─── Records to process ───

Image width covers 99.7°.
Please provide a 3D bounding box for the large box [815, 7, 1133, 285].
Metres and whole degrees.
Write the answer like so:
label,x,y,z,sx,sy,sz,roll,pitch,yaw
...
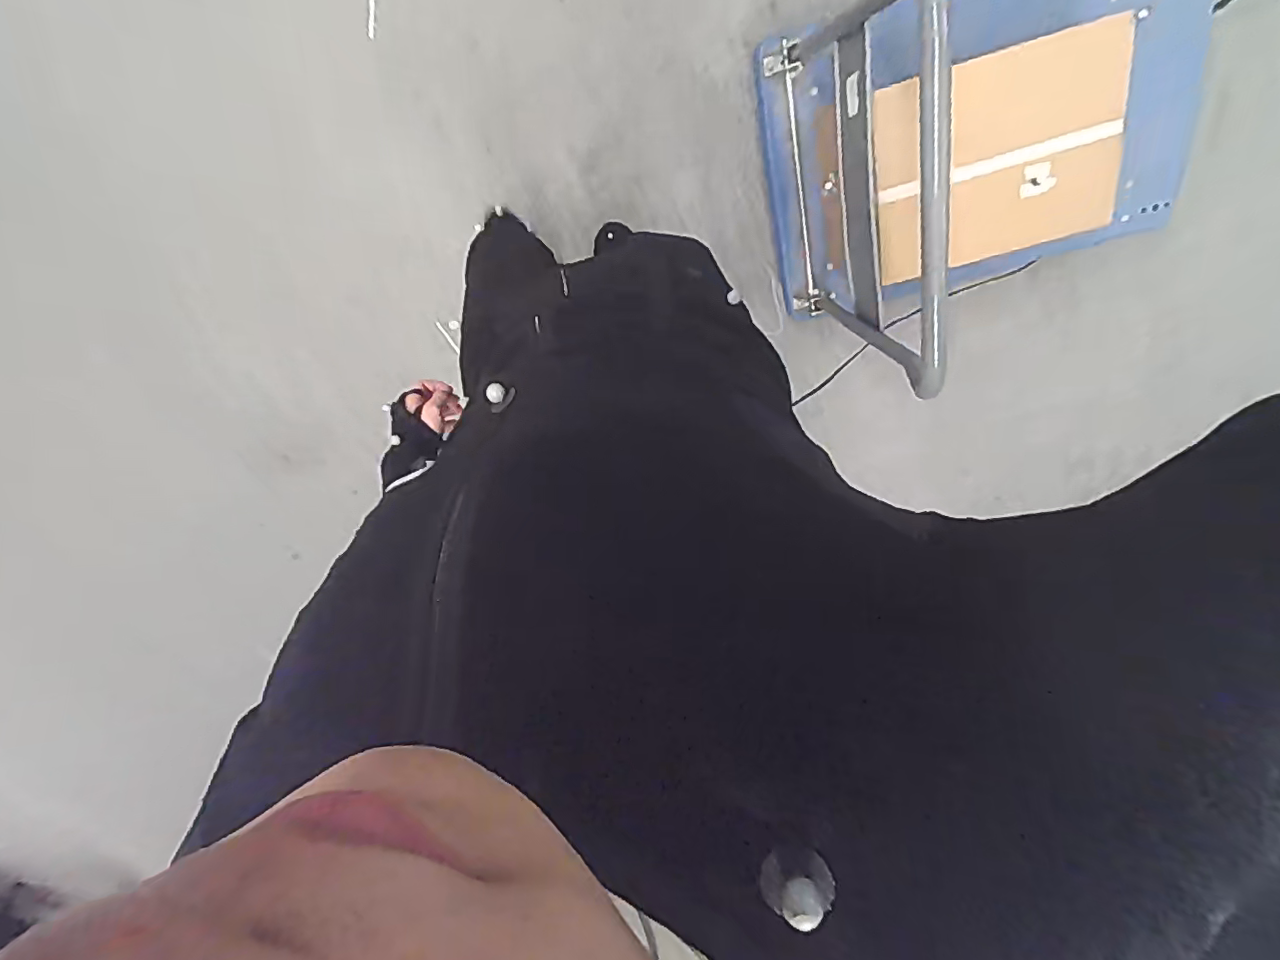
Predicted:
label,x,y,z,sx,sy,sz,roll,pitch,yaw
large box,0.595,-0.608,1.039,0.408,0.320,0.320,-14,119,7

───

▶ _Task requirements_: Give again, word for word, each line from the one holding "Metres and whole degrees." through the end of the entries, and leave out any picture.

▶ _Solution to the exercise_:
Metres and whole degrees.
Write the answer like so:
label,x,y,z,sx,sy,sz,roll,pitch,yaw
...
Predicted:
label,x,y,z,sx,sy,sz,roll,pitch,yaw
large box,0.595,-0.608,1.039,0.408,0.320,0.320,-14,119,7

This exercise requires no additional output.